-- Records shown follows --

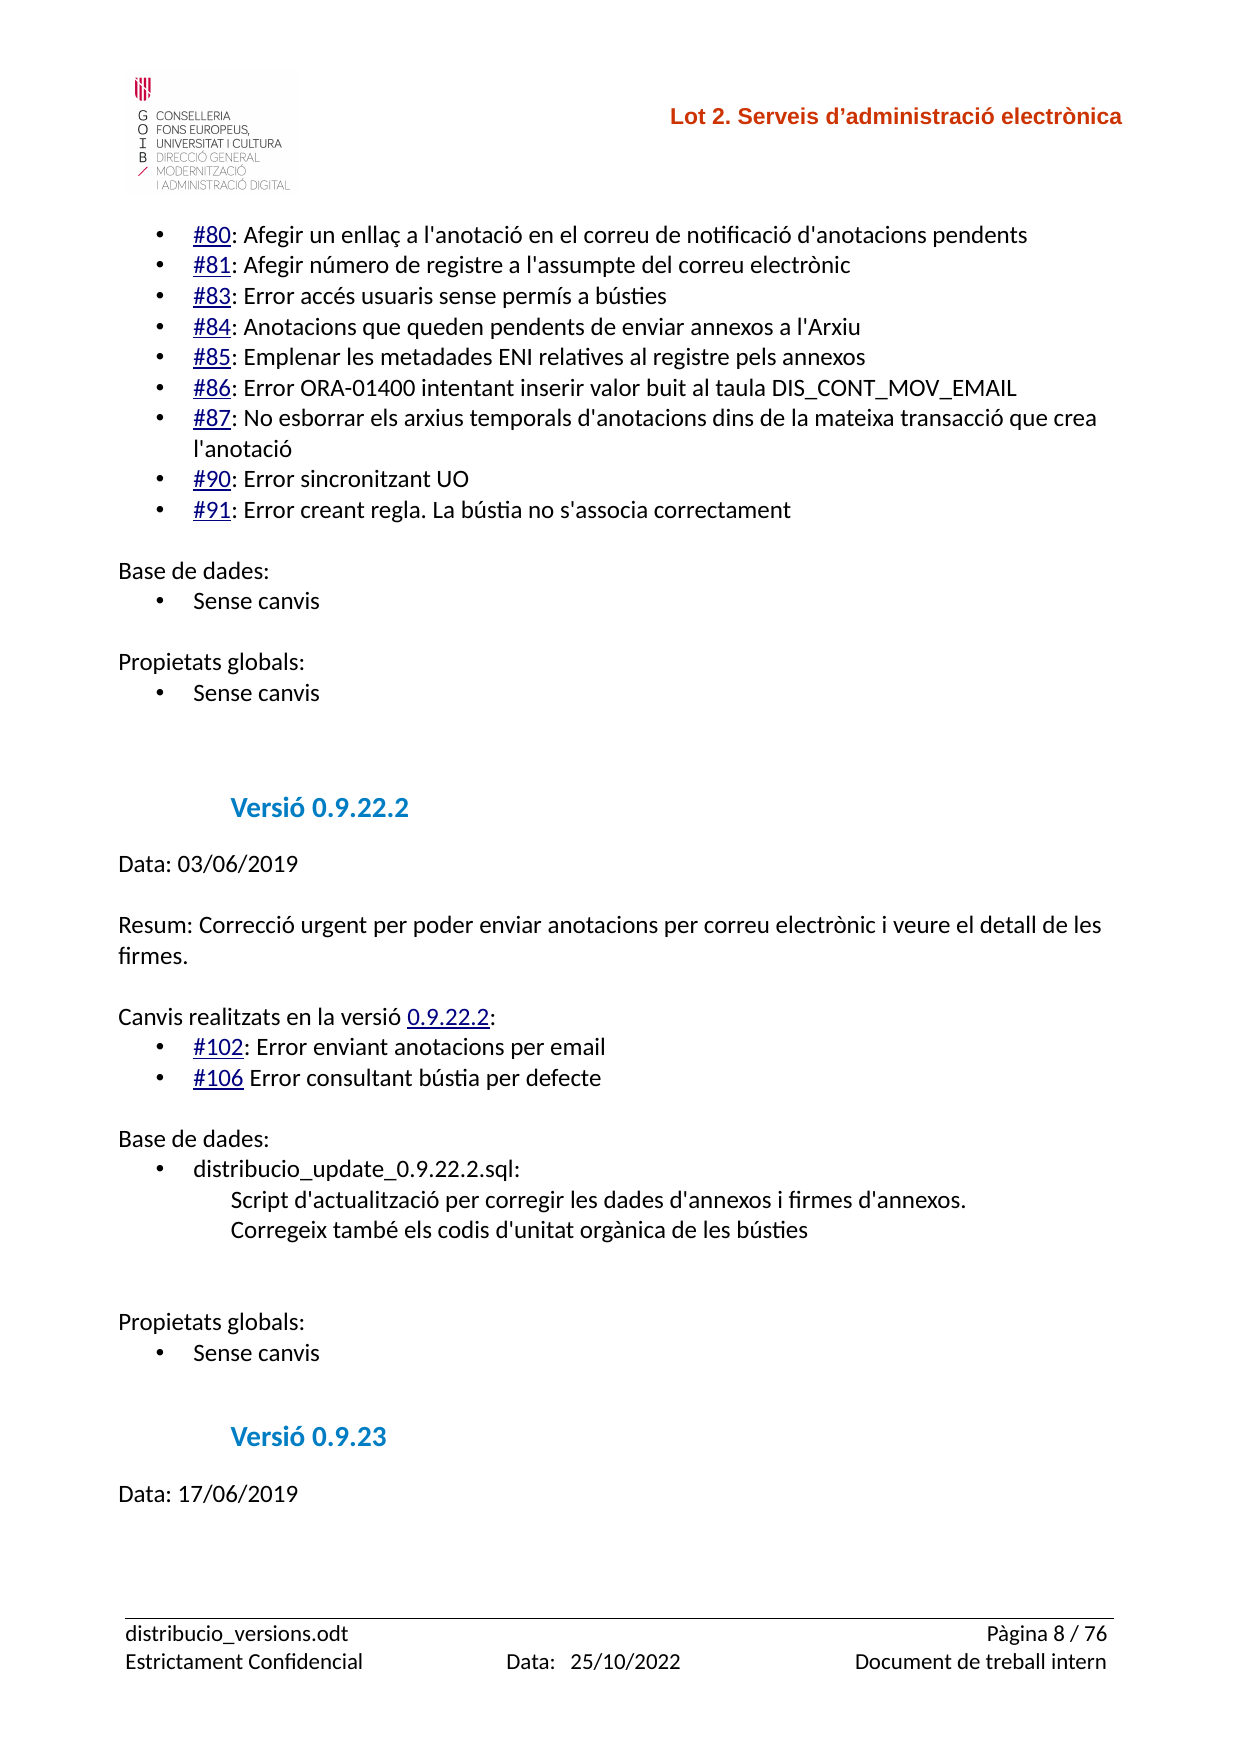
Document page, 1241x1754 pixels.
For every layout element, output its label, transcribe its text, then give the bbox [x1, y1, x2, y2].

list #87: No esborrar els arxius temporals d'anotacions dins de la mateixa transacció que crea l'anotació [156, 402, 1122, 463]
text Data: 17/06/2019 [118, 1478, 1122, 1508]
list Script d'actualització per corregir les dades d'annexos i firmes d'annexos. [193, 1184, 1122, 1215]
list #83: Error accés usuaris sense permís a bústies [156, 280, 1122, 311]
text Resum: Correcció urgent per poder enviar anotacions per correu electrònic i veure el detall de les firmes. [118, 909, 1122, 971]
list #84: Anotacions que queden pendents de enviar annexos a l'Arxiu [156, 311, 1122, 341]
list Sense canvis [156, 677, 1122, 707]
text Data: 03/06/2019 [118, 848, 1122, 879]
list #102: Error enviant anotacions per email [156, 1032, 1122, 1062]
list #106 Error consultant bústia per defecte [156, 1062, 1122, 1093]
subtitle Versió 0.9.22.2 [153, 789, 1122, 825]
picture [126, 70, 299, 197]
text Propietats globals: [118, 1306, 1122, 1337]
list #91: Error creant regla. La bústia no s'associa correctament [156, 494, 1122, 524]
text Base de dades: [118, 1123, 1122, 1154]
list #85: Emplenar les metadades ENI relatives al registre pels annexos [156, 341, 1122, 372]
text Base de dades: [118, 555, 1122, 585]
list #80: Afegir un enllaç a l'anotació en el correu de notificació d'anotacions pendents [156, 219, 1122, 250]
list #81: Afegir número de registre a l'assumpte del correu electrònic [156, 250, 1122, 280]
list Sense canvis [156, 1337, 1122, 1367]
list Corregeix també els codis d'unitat orgànica de les bústies [193, 1215, 1122, 1245]
text Propietats globals: [118, 646, 1122, 677]
list #90: Error sincronitzant UO [156, 463, 1122, 494]
list #86: Error ORA-01400 intentant inserir valor buit al taula DIS_CONT_MOV_EMAIL [156, 372, 1122, 402]
subtitle Versió 0.9.23 [153, 1418, 1122, 1454]
text Canvis realitzats en la versió 0.9.22.2: [118, 1001, 1122, 1032]
list Sense canvis [156, 585, 1122, 616]
list distribucio_update_0.9.22.2.sql: [156, 1154, 1122, 1184]

-- Records shown concluded --

● **Exercise description**:
Nothing but a number is expected here: how many lines above include the string "globals".

● **Exercise result**:
2